China itself believes so strongly – the Global Times, which is affiliated with the official Communist Party mouthpiece, People’s Daily and thus qualifies as state-run media, has reported that China’s leadership in creating the AIIB indicates an “influence” that “is prominent and far-reaching”, carrying “more profound significance than successfully hosting” the 2008 “Olympic Games”. Further, the Chinese believe that the fact that the allies of the United States have joined the AIIB does not imply that their actions aim to “flatter China”, but does show that they have identified that “the benefits” of joining will “outweigh their relations with Washington”.

However, what would this clear Chinese dominance over the Bank mean for the other Asian nations? It might be argued that China’s excessive control over the AIIB might only solidify the existing unequal trade relations between China and its Asian neighbours, and might result in the smaller Asian economies to become ensnarled in a quagmire with only China remaining upright, further upsetting the balance of power in the Continent.

Currently, most Asian nations are facing trade deficits with respect to China, and in the past half a decade, the Chinese economy accounted for 84% of the total industrial growth in Asia, along with 75% of the growth in industrial exports.

China’s policy of competitive connectivity means that it does not seek to cease globalisation, but to bend it in a manner that ensures that its own industries attain faster growth than those of other nations.

Further, the Chinese, Jin Liqun, looking set to head the AIIB, is a man who has been the Deputy Finance Minister of China, the Chairman of the committee that oversaw China’s sovereign wealth fund called the China Investment Corporation, and also the Chairman of one of China’s biggest investment banks, namely, China International Capital Corporation. This only strengthens fears of China hegemonizing the working of the AIIB.

However, Liqun has also served as a Vice President of the Asian Development Bank and as an Alternate Executive Director of the World Bank, which does bode well for the AIIB.

Further, although the AIIB is a “master stroke of economic diplomacy” of the Chinese, worries about imbalanced economic relations cannot negate the benefits of the Bank.

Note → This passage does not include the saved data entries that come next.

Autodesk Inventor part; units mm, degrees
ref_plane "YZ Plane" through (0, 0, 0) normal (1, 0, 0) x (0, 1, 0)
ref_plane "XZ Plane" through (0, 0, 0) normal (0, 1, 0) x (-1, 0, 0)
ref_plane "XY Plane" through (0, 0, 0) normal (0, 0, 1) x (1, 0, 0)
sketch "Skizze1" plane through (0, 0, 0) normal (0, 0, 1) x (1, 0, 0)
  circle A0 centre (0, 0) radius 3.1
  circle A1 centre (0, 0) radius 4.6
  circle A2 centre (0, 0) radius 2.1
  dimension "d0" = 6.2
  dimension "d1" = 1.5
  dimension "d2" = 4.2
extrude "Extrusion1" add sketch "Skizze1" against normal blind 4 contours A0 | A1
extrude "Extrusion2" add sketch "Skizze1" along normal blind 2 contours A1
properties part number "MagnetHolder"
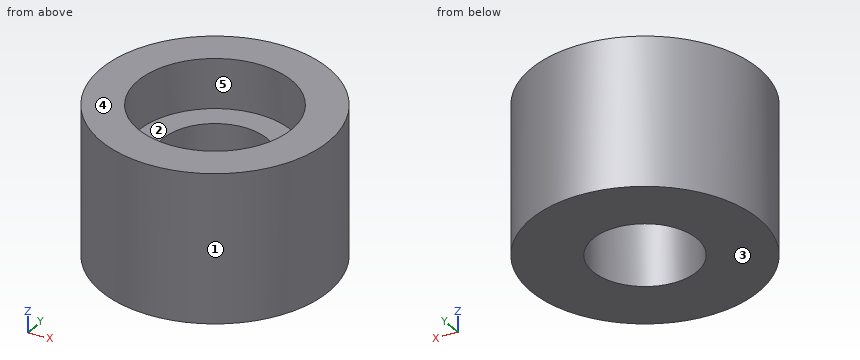
Design review of the part built by this model. Coordinates are the model's own, in mm. Face numbers are marked on the shaded views. A direction names the side the tool comes from. Give positions to 0.01 mm unless a question says otherwise; leave off trailing zeros. Write each loop counter-clockwise with the first axis right and the second up, starting at its lowest first coordinate (ties: lowest second). Pieces come first, ordered by that corner, then holes. Notation, with made-up numbers: (12, -2.5) - (30, -2.5) arc R19 ccw to (30, 5.5) - close; hole circle Ø1 at (-38, -2). An arc over 180 degrees is marked (long way). Return JSON: item names as keys, results as strings. Group by question number.
(1) Machinability: for the marked faces 4 and 5, which of the approach directions +Z, -Z, +X, -X, +Y, -Y give a long, thin tool a straight path to every point of the face, cutting with its end or side? Answer none if there is none.
(2) To check wall thickness, follow probe 1 along Y at (x, z) = (0, -1.6); probe 2 along Y at (x, z) = (0, 1.25); probe 3 along Z at (x, y) = (2, -0.75). State the ranges of each line that lie inside material, in increasing order.
(3) Insertion check: pin 1 (3 mm diameter, centred on x = 2, z = -1, fed in from -Y). The pin has a flat end and moves straight along its axis. Give the tip position at first contact, or say it passes through.
(4) Mouldability with a two-part tool opening along Y and no side actions: class the marked faces 1, 2 and 3 as +Y half, -Y half, draft (parallel to the pull), parting line (faces both ways), or undercut.
(5) We need section D-D, the plane x = -2.25. Give the boundary of the cut face in (y, z).
(6) We need section A-A, the plane x = 0. Give the boundary of the cut face in (y, z).
(7) We need section C-C, the plane z = 0.75. Give the boundary of the cut face in (x, y), then the cut area to 3 significant figures.
Reported:
{
 "1": {"face 4": "+Z, +X, -X, +Y, -Y", "face 5": "+Z"},
 "2": {"probe 1": "y = -4.6 to -2.1, 2.1 to 4.6", "probe 2": "y = -4.6 to -3.1, 3.1 to 4.6", "probe 3": "z = -4 to 0"},
 "3": {"pin 1": "stops at y = -4.57"},
 "4": {"face 1": "parting line", "face 2": "undercut", "face 3": "draft"},
 "5": {"outline": "(-4.01, -4) - (4.01, -4) - (4.01, 2) - (2.13, 2) - (2.13, 0) - (-2.13, 0) - (-2.13, 2) - (-4.01, 2) - close"},
 "6": {"outline": "(-4.6, -4) - (-2.1, -4) - (-2.1, 0) - (-3.1, 0) - (-3.1, 2) - (-4.6, 2) - close; (2.1, -4) - (4.6, -4) - (4.6, 2) - (3.1, 2) - (3.1, 0) - (2.1, 0) - close"},
 "7": {"outline": "circle Ø9.2 at (0, 0); hole circle Ø6.2 at (0, 0)", "area": "36.3 mm2"}
}

The AIIB, owing to the lacuna in sufficient infrastructure funding in Asia, seeks to accelerate the growth of infrastructure projects in a continent which has been witnessing a massive financial progress in the past decade. Blending in public and private funding together, it will seek to aid finance infrastructure projects across Asia, and will, over the next 10 years, work in harmony with the Asian Development Bank, the World Bank, as well as a myriad other banks in order to overcome an estimated $8 trillion infrastructure shortfall in Asia.

With the Western countries, especially those in Europe, actively supporting this institution, their identification, firstly of the Asian nations as a collective financial power, and secondly of the importance and potential of investment in infrastructure projects in this part of the world, indicates that this institution was truly required in Asia for it to become financially at par with Europe and the USA. Slated to be fully established by the end of 2015, one can only hope greatly for the AIIB and the future of the largest continent in the world.